Nathaniel Little, Jr., 43, of Decatur, Georgia, was sentenced on Friday by United States District Judge Charles A. Pannell, Jr., to serve more than 20 years in prison on charges of armed bank robbery and possession of a firearm during a crime of violence.

United States Attorney David E. Nahmias said in a press statement, "Today's sentence drives a stake into the heart of a simple yet dangerous crime: robbing banks. This "Dracula" bandit will now spend many nights in the dark and confined cavern of a prison cell. In this scary economy, robbing banks may seem like a quick way for criminals to get money, but the real horror begins once they caught."

FBI Atlanta Special Agent in Charge Gregory Jones said, "The FBI would like to thank the Rockdale County Sheriff's Office and the DeKalb County Police Department for their assistance in this investigation. It was with their help the FBI was able to successfully track Little and ultimately remove an armed and dangerous criminal from our community."

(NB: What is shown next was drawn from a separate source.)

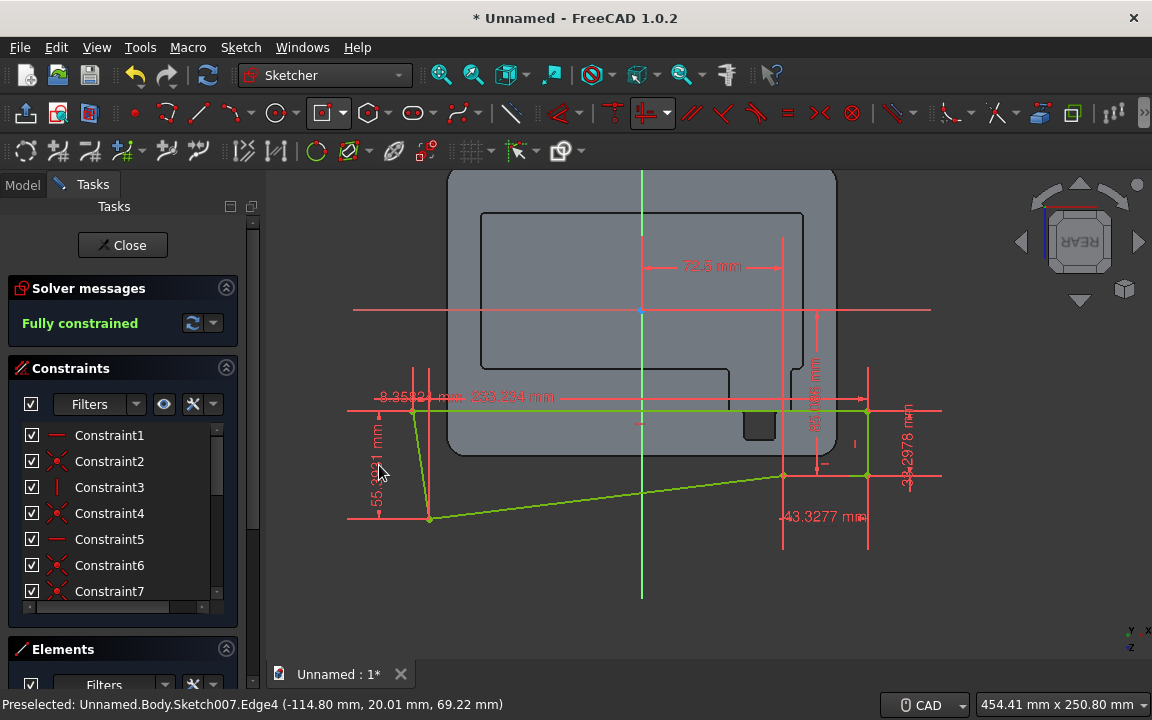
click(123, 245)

Little was sentenced to 20 years in prison to be followed by 5 years of supervised release, and ordered to pay restitution of $14,669. The defendant pleaded guilty to the charges on November 12, 2008.

According to US Attorney Nahmias and the information presented in court: On the morning of August 23, 2006, Little, wearing a Count Dracula mask, walked into the CDC Federal Credit Union on Brandywine Road in Atlanta with a semi-automatic gun in his hand. He placed a bag on the counter and, while pointing the gun, yelled at the tellers to fill it up. After getting the money, the defendant fled the bank.

A little over a month later, on September 29, 2006, LITTLE robbed the same CDC Federal Credit Union in the same way: he walked in wearing a Dracula mask and carrying a semi-automatic handgun, he placed a bag on the counter and, while pointing the gun at the tellers, he ordered them to fill up his bag.

At one point during this robbery, Little shouted at a teller, "Don't make me have to shoot you." After getting the money, he fled the bank.

FBI special agents later tracked a car that had been parked near the robbery and, after a lengthy investigation, located key witnesses, which helped investigators identify Little, who had been arrested on unrelated state charges after the robberies.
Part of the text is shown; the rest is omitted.